» EXERCISE AIM:
Go through the following data and transcribe exactly the stretch of lines from the one holding "Answer yes or no. No. Is Light Coral the" to the one holding "Answer yes or no. No. Does Mint", both included.

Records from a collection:

|---|

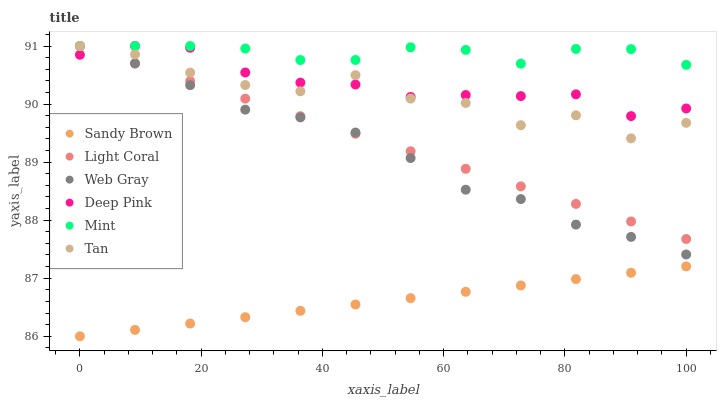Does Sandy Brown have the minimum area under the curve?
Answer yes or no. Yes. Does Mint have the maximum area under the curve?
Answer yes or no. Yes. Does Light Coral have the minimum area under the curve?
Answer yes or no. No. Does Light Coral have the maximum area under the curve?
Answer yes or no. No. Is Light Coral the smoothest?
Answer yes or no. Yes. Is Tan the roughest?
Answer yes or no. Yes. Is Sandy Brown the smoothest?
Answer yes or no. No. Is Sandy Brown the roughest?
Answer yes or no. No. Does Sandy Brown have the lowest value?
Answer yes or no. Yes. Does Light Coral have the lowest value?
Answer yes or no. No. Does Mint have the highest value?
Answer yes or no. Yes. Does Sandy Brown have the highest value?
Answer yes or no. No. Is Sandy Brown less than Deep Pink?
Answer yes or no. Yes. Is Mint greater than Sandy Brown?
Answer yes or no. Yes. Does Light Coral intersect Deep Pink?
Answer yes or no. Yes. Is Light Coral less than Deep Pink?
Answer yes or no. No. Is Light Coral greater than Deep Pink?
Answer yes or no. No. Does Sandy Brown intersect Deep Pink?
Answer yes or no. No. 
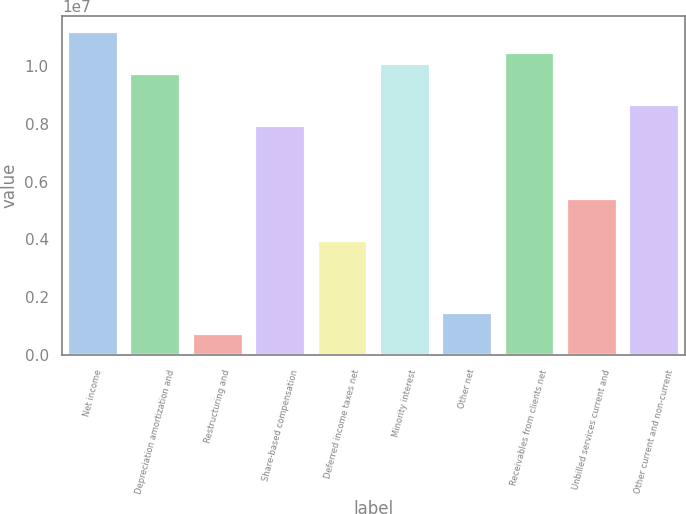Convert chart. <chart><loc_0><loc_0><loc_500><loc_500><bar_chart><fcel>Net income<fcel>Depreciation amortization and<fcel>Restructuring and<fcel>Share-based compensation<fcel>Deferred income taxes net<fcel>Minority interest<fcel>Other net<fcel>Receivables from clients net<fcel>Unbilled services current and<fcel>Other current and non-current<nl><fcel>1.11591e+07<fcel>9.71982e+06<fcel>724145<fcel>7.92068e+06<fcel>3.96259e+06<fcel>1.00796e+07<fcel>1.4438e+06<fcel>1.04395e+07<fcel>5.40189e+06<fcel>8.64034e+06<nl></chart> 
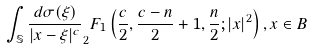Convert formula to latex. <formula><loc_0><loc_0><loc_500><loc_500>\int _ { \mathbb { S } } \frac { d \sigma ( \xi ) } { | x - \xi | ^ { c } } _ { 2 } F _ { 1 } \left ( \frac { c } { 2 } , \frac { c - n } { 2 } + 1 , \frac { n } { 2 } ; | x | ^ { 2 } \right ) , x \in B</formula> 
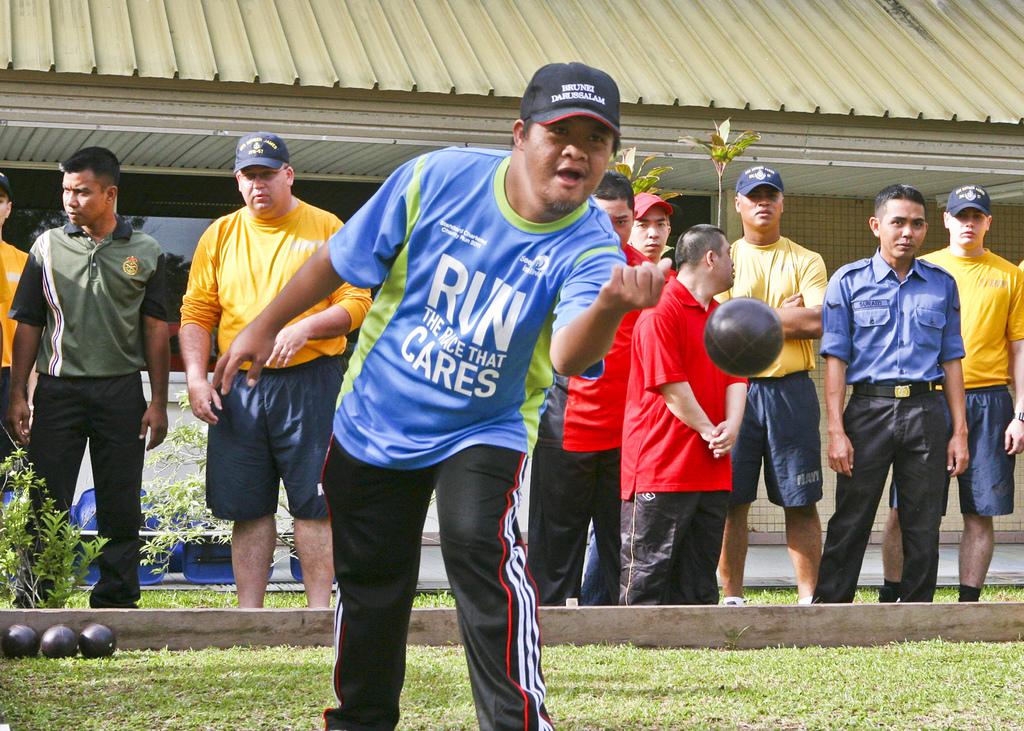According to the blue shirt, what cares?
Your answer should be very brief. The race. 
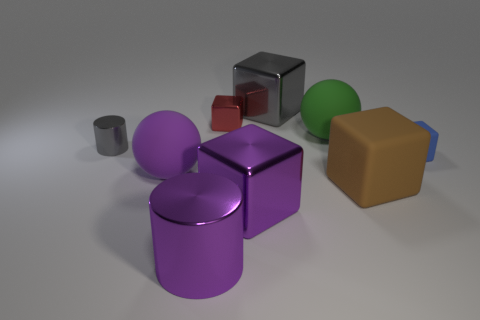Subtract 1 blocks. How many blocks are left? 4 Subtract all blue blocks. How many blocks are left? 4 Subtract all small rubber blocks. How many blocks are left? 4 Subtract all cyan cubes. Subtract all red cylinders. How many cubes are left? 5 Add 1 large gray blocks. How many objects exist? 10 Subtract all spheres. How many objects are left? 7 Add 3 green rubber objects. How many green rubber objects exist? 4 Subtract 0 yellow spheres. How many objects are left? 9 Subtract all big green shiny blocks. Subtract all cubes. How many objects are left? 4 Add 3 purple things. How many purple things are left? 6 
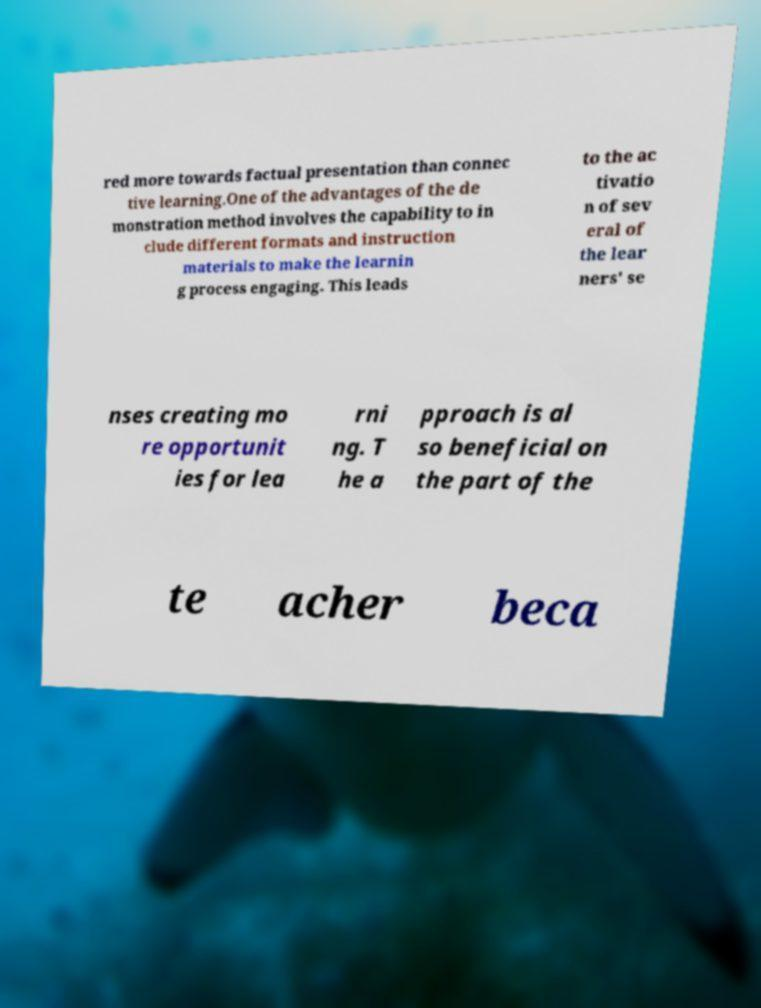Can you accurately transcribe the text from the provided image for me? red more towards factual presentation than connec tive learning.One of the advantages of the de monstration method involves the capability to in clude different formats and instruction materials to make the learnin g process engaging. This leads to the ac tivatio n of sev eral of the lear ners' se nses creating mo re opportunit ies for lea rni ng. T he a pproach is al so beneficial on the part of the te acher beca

|---|

» RESPONSE AREA:
Answer yes or no. No. Is Light Coral the smoothest?
Answer yes or no. Yes. Is Tan the roughest?
Answer yes or no. Yes. Is Sandy Brown the smoothest?
Answer yes or no. No. Is Sandy Brown the roughest?
Answer yes or no. No. Does Sandy Brown have the lowest value?
Answer yes or no. Yes. Does Light Coral have the lowest value?
Answer yes or no. No. Does Mint have the highest value?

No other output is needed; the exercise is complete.